# Assignment
Of the lines in the data below, write out exactly those from the one holding "Screen dimensions: 1232x953" through the one holding "You are a computer-use agent. 953x1232", both included.
### Records to process ###
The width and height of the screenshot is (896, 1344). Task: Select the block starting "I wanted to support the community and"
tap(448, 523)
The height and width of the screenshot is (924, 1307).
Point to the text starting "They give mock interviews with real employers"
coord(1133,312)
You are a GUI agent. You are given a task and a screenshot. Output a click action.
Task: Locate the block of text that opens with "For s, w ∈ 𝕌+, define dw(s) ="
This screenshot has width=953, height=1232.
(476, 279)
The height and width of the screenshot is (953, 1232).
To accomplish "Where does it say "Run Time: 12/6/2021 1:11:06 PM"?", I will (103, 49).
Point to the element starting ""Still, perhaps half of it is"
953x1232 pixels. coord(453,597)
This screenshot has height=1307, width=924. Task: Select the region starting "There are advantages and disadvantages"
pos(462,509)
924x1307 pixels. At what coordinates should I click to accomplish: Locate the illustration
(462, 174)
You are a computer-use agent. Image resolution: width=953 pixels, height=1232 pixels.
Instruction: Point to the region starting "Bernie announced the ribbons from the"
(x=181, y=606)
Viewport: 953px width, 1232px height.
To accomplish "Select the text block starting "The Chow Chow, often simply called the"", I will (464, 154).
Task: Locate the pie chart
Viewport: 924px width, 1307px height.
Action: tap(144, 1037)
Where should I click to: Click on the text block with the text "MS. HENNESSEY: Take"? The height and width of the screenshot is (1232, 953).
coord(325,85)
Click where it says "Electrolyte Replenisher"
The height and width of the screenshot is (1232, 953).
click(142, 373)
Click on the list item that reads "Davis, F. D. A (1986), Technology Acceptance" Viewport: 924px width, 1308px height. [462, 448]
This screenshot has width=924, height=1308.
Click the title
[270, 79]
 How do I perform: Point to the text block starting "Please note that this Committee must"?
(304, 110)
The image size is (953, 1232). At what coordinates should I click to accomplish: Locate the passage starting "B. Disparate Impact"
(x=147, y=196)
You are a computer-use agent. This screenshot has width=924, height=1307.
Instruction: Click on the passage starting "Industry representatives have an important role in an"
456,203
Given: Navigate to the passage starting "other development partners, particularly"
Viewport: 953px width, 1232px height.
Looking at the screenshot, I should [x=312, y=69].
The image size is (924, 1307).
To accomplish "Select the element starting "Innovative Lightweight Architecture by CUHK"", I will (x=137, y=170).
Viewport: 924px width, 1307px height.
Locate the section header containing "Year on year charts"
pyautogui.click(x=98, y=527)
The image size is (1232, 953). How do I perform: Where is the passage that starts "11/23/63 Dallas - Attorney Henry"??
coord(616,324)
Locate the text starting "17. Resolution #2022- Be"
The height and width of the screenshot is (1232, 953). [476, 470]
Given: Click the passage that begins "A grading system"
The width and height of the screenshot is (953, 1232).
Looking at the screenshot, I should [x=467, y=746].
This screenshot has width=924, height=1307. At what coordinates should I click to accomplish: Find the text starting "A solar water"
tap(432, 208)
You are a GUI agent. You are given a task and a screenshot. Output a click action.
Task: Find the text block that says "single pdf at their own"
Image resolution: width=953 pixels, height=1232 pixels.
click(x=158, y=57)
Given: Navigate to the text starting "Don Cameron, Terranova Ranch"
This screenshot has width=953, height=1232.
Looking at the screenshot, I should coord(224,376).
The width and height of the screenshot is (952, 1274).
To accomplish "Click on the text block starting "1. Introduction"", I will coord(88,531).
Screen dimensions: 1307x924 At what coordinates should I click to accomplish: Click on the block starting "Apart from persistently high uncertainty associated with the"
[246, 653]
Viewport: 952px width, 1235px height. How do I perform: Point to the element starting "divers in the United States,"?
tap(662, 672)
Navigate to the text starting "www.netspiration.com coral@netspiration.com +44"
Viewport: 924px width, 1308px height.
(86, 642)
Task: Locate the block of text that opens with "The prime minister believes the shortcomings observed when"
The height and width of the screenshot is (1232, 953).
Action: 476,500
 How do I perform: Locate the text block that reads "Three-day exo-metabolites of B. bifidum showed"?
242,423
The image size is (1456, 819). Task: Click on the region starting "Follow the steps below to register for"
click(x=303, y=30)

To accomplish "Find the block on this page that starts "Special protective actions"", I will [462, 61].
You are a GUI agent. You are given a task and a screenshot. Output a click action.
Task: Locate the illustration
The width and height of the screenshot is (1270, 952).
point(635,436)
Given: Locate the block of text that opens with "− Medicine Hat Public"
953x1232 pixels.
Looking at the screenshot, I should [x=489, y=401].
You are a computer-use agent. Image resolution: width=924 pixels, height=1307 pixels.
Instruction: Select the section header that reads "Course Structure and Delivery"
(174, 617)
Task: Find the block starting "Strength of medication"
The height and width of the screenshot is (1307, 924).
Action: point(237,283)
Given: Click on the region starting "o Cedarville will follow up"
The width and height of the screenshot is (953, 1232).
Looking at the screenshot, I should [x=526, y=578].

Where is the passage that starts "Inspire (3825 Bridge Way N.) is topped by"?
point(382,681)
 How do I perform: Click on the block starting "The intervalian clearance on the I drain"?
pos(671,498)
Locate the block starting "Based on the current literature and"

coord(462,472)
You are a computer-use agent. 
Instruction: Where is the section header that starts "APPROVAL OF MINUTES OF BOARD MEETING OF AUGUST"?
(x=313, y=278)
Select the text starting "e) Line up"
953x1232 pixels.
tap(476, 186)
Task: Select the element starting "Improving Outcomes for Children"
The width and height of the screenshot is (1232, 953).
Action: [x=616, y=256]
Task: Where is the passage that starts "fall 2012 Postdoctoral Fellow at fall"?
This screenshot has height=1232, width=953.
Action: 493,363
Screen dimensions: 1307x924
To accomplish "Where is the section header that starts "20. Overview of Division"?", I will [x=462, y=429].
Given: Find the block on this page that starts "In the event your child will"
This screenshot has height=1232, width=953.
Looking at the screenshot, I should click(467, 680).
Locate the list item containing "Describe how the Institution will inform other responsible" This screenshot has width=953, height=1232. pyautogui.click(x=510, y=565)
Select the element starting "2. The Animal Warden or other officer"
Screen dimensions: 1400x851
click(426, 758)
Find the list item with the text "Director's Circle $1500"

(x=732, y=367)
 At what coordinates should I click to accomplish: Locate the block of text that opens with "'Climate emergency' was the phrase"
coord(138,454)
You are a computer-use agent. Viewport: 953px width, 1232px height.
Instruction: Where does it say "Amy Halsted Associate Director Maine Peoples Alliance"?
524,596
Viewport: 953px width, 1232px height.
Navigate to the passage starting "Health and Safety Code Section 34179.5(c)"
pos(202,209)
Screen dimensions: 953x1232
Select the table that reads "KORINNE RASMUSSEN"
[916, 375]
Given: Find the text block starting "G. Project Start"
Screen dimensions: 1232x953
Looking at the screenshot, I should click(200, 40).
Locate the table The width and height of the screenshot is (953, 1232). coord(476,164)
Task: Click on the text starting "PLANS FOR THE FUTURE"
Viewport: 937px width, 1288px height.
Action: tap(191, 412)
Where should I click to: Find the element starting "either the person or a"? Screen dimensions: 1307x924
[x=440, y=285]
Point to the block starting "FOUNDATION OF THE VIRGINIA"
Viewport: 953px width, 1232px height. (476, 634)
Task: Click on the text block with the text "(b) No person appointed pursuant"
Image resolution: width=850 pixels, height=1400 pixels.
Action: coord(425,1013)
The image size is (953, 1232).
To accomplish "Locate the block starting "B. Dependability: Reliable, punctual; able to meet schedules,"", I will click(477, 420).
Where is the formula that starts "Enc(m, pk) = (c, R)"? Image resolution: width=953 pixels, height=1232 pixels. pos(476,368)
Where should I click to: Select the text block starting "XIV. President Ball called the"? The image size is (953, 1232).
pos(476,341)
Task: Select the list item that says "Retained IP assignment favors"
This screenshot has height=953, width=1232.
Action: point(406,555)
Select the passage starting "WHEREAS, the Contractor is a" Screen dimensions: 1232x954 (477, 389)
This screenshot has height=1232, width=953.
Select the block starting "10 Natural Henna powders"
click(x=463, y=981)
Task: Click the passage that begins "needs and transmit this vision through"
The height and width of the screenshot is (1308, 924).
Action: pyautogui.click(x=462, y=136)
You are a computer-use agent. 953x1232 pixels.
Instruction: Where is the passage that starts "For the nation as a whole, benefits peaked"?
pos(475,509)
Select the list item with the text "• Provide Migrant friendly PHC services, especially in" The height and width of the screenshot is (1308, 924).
###
# Answer box
Screen dimensions: 1232x953
Looking at the screenshot, I should click(200, 40).
Locate the table The width and height of the screenshot is (953, 1232). coord(476,164)
Task: Click on the text starting "PLANS FOR THE FUTURE"
Viewport: 937px width, 1288px height.
Action: tap(191, 412)
Where should I click to: Find the element starting "either the person or a"? Screen dimensions: 1307x924
[x=440, y=285]
Point to the block starting "FOUNDATION OF THE VIRGINIA"
Viewport: 953px width, 1232px height. (476, 634)
Task: Click on the text block with the text "(b) No person appointed pursuant"
Image resolution: width=850 pixels, height=1400 pixels.
Action: coord(425,1013)
The image size is (953, 1232).
To accomplish "Locate the block starting "B. Dependability: Reliable, punctual; able to meet schedules,"", I will click(477, 420).
Where is the formula that starts "Enc(m, pk) = (c, R)"? Image resolution: width=953 pixels, height=1232 pixels. pos(476,368)
Where should I click to: Select the text block starting "XIV. President Ball called the"? The image size is (953, 1232).
pos(476,341)
Task: Select the list item that says "Retained IP assignment favors"
This screenshot has height=953, width=1232.
Action: point(406,555)
Select the passage starting "WHEREAS, the Contractor is a" Screen dimensions: 1232x954 (477, 389)
This screenshot has height=1232, width=953.
Select the block starting "10 Natural Henna powders"
click(x=463, y=981)
Task: Click the passage that begins "needs and transmit this vision through"
The height and width of the screenshot is (1308, 924).
Action: pyautogui.click(x=462, y=136)
You are a computer-use agent. 953x1232 pixels.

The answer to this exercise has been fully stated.